Pipeline for building clinical outcome prediction models on training dataset and transfer learning on validation datasets.
Project description
Ciclops
Cross-platform training In CLinical Outcome PredictionS (ciclops) is the winning algorithm in 2019 Malaria DREAM Challenge SubChallenge 2.
Ciclops performs transfer learning from one transcriptomic platform's samples to another.
Installation
Install this package via pip:
pip install ciclops
or clone this program to your local directory:
https://github.com/GuanLab/ciclops.git
Usage
python ciclops [-h] [--train_path TRAIN_PATH] [--valid_path VALID_PATH]
[-m MODEL_TYPE] [--no_quantile] [--shap] [-n TOP_GENES]
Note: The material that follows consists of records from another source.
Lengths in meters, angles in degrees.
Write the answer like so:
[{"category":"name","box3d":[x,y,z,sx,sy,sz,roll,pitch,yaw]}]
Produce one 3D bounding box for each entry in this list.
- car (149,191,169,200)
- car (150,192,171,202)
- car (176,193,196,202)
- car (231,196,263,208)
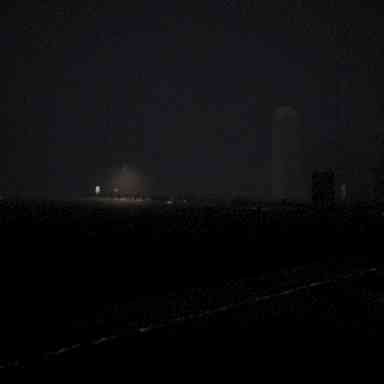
[{"category":"car","box3d":[-7.052,0.738,70.664,2.097,1.767,4.553,0,1,-36]},{"category":"car","box3d":[-6.139,1.130,64.688,2.033,1.411,5.357,0,1,-36]},{"category":"car","box3d":[-1.277,0.966,62.716,2.097,1.767,4.553,0,1,-35]},{"category":"car","box3d":[7.484,1.315,45.626,1.837,1.490,4.892,0,1,-36]}]

Pipeline for building clinical outcome prediction models on training dataset and transfer learning on validation datasets.
optional arguments:
-h, --help show this help message and exit
--train_path TRAIN_PATH
Path to your training data, in .csv format; includes sample names as first column and labels as last column
--valid_path VALID_PATH
Path to your transfer validation data, in .csv format; includes sample names as first column and labels as last column
-m MODEL_TYPE, --model_type MODEL_TYPE
Machine learning models to use:
lgb: LightGBM;
xgb: XGBoost;
rf: Random Forest;
gpr: Gaussian Process Regression;
lr: Linear Regression;
default: lgb
--no_quantile If specified, do not use quantile normalization.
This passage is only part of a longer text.